Information given Start Marker
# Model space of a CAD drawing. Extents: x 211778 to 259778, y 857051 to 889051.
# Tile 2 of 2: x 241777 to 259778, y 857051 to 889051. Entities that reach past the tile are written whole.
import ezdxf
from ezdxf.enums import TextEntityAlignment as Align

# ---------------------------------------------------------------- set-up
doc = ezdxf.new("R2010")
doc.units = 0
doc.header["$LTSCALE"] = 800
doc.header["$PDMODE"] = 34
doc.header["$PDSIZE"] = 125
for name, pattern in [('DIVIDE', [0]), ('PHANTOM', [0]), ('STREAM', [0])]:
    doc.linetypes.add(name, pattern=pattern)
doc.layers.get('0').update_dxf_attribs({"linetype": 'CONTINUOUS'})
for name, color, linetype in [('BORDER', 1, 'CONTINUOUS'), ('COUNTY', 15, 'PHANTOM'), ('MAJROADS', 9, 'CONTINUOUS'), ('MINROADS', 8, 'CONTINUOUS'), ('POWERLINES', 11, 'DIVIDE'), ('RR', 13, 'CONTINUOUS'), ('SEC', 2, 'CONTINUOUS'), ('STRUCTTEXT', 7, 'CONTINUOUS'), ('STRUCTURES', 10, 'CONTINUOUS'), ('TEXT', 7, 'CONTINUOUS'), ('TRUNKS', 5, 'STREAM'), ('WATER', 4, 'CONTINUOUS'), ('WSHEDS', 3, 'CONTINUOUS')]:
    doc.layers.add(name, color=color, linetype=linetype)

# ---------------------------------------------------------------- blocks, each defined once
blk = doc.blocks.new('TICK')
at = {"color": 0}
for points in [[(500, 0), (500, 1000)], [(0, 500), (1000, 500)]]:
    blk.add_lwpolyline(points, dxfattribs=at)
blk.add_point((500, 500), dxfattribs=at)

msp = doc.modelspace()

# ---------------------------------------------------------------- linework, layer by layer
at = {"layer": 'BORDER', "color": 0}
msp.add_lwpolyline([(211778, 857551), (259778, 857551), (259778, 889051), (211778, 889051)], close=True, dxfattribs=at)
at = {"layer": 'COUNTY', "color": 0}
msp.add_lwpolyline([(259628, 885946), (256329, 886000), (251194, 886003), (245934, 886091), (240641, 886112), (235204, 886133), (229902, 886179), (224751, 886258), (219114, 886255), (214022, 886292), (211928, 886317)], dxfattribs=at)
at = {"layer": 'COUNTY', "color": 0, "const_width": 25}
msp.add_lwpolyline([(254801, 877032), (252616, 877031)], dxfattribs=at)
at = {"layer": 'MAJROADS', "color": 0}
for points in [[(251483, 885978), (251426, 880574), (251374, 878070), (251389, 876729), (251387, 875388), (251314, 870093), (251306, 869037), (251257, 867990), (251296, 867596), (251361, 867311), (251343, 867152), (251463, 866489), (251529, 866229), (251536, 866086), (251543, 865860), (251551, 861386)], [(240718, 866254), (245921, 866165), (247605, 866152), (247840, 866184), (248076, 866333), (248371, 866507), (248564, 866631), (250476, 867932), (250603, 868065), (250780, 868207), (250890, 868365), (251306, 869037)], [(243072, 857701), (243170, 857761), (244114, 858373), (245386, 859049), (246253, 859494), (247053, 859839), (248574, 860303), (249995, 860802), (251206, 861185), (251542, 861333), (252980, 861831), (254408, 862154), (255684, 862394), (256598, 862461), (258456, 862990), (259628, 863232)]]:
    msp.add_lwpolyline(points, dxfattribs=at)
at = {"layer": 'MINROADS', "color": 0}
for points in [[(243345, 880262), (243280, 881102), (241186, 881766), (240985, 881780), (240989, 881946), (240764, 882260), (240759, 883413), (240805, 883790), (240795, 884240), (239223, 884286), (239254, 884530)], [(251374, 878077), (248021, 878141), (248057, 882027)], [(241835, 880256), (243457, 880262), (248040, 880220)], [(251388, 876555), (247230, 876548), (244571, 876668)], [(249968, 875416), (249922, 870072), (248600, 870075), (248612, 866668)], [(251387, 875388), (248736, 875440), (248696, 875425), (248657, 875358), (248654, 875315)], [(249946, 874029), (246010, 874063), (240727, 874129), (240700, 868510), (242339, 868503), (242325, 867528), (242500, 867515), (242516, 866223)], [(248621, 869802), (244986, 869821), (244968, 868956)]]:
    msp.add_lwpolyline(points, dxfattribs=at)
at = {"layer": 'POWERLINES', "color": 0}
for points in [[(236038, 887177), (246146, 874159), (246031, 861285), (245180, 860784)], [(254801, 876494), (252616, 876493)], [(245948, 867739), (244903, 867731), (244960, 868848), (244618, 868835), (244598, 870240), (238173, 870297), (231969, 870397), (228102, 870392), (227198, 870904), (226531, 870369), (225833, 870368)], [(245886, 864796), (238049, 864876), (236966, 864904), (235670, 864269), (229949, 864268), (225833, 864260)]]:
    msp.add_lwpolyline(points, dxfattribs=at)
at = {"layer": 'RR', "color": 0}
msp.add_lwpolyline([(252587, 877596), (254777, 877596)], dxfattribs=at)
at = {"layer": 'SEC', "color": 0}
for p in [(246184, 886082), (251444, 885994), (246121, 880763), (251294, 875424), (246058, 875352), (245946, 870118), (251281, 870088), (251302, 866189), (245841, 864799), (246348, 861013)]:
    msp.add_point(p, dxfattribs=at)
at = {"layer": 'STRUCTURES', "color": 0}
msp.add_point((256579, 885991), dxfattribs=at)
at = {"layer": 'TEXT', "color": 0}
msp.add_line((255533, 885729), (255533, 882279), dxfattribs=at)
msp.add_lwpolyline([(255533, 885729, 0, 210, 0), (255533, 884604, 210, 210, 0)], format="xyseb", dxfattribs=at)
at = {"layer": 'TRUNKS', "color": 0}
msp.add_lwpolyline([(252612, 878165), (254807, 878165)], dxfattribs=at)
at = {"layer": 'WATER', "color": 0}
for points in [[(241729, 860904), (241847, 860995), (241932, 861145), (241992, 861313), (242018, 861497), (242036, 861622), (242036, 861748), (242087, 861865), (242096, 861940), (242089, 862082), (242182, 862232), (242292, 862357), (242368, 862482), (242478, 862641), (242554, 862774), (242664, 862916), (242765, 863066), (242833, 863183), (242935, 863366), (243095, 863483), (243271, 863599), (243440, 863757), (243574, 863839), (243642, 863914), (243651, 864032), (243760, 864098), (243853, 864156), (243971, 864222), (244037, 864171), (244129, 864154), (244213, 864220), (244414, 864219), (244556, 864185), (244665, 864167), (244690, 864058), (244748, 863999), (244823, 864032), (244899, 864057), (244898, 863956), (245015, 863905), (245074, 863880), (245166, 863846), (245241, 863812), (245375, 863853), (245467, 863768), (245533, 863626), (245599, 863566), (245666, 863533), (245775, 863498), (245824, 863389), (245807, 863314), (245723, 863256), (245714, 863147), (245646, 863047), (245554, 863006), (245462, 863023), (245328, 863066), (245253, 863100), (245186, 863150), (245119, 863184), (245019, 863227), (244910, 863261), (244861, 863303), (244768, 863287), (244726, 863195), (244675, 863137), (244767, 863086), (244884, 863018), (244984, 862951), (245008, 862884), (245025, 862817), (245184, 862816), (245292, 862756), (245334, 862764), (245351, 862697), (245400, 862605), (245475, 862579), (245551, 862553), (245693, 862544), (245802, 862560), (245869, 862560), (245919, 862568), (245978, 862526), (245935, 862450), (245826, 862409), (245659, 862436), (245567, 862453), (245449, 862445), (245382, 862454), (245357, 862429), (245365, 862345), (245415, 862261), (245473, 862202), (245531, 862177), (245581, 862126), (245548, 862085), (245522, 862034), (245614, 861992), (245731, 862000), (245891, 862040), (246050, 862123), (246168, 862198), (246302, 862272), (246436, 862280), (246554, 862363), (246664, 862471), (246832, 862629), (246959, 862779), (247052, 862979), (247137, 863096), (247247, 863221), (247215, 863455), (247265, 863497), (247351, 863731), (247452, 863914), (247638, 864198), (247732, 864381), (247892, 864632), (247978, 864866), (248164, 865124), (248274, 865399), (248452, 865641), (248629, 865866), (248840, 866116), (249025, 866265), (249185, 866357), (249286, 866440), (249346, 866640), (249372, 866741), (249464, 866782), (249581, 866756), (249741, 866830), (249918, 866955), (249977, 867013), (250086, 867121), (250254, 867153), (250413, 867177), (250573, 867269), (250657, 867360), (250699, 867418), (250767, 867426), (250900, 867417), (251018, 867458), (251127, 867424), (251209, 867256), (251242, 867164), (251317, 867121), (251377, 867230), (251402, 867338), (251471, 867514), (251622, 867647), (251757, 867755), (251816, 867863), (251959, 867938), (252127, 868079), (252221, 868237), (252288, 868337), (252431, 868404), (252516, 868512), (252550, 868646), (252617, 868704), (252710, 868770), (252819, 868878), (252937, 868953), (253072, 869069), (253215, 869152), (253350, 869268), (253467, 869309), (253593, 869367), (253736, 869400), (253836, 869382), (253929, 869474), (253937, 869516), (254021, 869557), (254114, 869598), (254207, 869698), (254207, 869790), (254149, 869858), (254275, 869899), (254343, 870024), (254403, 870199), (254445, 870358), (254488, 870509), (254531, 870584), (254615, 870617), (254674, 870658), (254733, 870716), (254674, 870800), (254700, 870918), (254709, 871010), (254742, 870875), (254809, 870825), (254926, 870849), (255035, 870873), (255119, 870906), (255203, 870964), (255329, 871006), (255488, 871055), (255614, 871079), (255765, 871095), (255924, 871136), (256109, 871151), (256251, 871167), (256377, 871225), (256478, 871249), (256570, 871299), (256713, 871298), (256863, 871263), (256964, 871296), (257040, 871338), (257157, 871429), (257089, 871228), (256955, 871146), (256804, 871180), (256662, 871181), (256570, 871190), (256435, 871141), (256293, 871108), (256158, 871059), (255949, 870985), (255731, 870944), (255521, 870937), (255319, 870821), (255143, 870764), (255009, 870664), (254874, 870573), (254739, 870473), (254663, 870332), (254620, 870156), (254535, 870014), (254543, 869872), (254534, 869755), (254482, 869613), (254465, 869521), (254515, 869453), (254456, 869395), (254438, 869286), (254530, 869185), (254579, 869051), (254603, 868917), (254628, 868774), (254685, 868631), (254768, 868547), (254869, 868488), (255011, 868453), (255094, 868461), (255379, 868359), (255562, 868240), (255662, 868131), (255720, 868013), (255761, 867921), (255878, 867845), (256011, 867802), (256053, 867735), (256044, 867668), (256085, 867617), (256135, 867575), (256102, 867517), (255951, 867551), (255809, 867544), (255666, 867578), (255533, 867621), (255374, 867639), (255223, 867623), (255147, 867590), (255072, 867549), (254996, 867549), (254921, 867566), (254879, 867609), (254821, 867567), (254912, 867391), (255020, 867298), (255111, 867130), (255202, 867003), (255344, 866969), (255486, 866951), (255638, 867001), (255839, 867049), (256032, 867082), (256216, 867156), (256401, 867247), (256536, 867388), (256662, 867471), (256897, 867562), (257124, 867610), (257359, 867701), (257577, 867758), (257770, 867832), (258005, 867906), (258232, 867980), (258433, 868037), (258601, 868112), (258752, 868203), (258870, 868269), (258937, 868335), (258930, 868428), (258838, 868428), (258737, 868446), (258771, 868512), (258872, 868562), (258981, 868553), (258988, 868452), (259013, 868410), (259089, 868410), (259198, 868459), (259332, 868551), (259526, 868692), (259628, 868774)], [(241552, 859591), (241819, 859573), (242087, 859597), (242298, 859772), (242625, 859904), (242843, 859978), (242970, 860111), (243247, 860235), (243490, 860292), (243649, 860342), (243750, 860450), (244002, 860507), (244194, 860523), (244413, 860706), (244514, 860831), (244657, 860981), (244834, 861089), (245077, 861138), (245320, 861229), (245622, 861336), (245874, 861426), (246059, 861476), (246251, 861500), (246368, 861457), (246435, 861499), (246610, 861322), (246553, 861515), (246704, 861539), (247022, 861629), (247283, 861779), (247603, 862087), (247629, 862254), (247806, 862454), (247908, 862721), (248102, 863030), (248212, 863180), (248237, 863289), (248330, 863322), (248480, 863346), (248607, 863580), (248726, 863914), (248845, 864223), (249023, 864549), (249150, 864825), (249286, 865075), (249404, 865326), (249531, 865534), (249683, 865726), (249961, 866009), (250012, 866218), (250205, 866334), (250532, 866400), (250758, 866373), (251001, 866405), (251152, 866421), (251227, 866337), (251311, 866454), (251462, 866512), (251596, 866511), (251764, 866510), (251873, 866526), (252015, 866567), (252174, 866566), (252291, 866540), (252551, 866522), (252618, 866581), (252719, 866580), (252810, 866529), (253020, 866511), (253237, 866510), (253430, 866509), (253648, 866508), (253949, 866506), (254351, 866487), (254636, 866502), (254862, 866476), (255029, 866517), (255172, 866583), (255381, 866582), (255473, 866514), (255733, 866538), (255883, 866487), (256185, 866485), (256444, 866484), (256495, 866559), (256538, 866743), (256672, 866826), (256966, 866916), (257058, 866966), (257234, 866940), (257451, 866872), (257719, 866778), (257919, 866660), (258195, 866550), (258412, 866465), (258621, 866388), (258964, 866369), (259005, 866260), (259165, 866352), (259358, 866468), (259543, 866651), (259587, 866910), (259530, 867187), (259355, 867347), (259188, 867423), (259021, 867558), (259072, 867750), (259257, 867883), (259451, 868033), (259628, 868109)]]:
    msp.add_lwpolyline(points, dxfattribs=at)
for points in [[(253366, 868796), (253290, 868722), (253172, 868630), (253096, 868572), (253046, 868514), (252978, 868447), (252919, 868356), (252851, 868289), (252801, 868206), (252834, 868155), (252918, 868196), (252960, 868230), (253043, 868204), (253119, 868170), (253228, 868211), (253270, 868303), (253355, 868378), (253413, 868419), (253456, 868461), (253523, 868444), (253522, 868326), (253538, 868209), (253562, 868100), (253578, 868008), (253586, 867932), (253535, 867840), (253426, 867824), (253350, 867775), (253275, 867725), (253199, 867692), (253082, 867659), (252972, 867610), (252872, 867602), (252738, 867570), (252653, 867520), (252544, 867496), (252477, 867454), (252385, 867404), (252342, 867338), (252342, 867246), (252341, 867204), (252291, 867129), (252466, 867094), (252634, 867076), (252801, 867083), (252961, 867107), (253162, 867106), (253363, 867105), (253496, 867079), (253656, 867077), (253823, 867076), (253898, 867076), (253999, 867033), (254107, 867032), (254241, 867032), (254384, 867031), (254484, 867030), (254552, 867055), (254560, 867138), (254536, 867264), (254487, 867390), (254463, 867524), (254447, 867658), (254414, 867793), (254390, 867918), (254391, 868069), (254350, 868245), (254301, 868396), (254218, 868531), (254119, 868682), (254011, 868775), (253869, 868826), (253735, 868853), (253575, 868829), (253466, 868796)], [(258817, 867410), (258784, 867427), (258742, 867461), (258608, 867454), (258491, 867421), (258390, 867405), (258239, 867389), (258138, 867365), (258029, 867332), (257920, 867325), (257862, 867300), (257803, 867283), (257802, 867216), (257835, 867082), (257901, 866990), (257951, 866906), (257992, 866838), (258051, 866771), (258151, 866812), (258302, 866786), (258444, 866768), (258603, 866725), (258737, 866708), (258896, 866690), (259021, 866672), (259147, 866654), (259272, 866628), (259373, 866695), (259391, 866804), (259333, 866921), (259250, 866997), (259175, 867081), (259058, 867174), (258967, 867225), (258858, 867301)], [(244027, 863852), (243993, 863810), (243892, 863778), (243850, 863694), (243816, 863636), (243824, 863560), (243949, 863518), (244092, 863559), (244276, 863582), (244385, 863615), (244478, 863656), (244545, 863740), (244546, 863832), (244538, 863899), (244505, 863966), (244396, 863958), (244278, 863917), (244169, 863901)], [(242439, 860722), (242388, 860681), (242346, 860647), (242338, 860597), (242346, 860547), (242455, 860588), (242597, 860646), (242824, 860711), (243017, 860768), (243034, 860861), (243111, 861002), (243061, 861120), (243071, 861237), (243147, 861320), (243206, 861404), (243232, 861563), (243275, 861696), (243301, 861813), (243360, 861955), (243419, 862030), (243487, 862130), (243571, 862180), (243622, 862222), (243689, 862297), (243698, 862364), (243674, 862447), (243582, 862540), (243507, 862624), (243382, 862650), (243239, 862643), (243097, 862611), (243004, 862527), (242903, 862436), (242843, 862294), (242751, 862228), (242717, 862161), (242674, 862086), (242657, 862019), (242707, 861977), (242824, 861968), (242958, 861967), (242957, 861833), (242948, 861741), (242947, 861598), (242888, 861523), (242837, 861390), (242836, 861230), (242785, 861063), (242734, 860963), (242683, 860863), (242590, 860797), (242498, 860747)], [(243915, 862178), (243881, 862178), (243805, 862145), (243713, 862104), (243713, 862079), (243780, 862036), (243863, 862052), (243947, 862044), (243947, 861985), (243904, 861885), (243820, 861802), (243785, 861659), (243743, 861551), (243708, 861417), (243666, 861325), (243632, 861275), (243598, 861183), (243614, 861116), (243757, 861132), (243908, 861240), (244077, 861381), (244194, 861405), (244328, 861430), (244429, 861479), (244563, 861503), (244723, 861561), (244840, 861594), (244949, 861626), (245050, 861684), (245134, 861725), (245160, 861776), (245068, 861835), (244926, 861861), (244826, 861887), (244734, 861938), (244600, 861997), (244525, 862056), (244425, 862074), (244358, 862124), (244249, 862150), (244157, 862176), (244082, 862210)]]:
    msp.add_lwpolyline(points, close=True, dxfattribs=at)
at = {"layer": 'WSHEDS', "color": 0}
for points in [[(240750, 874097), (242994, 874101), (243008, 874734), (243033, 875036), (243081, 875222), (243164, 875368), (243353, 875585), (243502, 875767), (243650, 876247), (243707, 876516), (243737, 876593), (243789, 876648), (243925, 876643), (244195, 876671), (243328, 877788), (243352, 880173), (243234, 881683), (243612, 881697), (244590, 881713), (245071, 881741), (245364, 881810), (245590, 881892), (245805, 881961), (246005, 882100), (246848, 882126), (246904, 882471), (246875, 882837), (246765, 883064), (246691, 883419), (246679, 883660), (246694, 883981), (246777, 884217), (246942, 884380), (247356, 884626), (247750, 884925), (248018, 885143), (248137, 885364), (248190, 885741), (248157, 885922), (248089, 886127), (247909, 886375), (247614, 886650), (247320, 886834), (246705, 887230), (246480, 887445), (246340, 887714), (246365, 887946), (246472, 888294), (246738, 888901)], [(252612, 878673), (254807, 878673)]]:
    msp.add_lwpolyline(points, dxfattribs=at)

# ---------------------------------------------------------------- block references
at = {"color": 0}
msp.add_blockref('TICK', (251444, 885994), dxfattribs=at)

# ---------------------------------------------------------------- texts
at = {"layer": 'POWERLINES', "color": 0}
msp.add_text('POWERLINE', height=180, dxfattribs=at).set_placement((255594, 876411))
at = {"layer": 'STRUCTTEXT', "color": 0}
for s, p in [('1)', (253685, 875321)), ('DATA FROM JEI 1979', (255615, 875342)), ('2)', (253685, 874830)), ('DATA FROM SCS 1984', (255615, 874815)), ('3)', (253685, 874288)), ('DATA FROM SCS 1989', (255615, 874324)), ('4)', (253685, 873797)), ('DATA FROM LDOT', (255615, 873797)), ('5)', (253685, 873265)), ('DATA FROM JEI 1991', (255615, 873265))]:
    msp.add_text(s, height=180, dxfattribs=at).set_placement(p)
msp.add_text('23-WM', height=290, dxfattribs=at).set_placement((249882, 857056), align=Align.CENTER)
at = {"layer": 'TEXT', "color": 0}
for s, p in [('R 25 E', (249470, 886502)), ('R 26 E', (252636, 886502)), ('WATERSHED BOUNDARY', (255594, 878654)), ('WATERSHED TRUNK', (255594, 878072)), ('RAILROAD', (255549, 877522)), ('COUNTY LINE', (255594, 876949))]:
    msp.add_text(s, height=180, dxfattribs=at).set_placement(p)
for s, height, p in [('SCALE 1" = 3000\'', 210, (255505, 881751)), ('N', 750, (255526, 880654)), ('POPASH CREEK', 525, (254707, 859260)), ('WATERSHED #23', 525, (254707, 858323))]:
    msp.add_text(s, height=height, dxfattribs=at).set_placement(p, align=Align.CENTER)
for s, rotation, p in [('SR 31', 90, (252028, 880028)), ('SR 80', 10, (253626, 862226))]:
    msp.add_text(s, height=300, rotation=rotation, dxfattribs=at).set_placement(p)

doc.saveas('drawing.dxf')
Information given End Marker
Requirement:
Wherever the word "MINROADS" appears in a line of the data, copy that line.

Solution below:
for name, color, linetype in [('BORDER', 1, 'CONTINUOUS'), ('COUNTY', 15, 'PHANTOM'), ('MAJROADS', 9, 'CONTINUOUS'), ('MINROADS', 8, 'CONTINUOUS'), ('POWERLINES', 11, 'DIVIDE'), ('RR', 13, 'CONTINUOUS'), ('SEC', 2, 'CONTINUOUS'), ('STRUCTTEXT', 7, 'CONTINUOUS'), ('STRUCTURES', 10, 'CONTINUOUS'), ('TEXT', 7, 'CONTINUOUS'), ('TRUNKS', 5, 'STREAM'), ('WATER', 4, 'CONTINUOUS'), ('WSHEDS', 3, 'CONTINUOUS')]:
at = {"layer": 'MINROADS', "color": 0}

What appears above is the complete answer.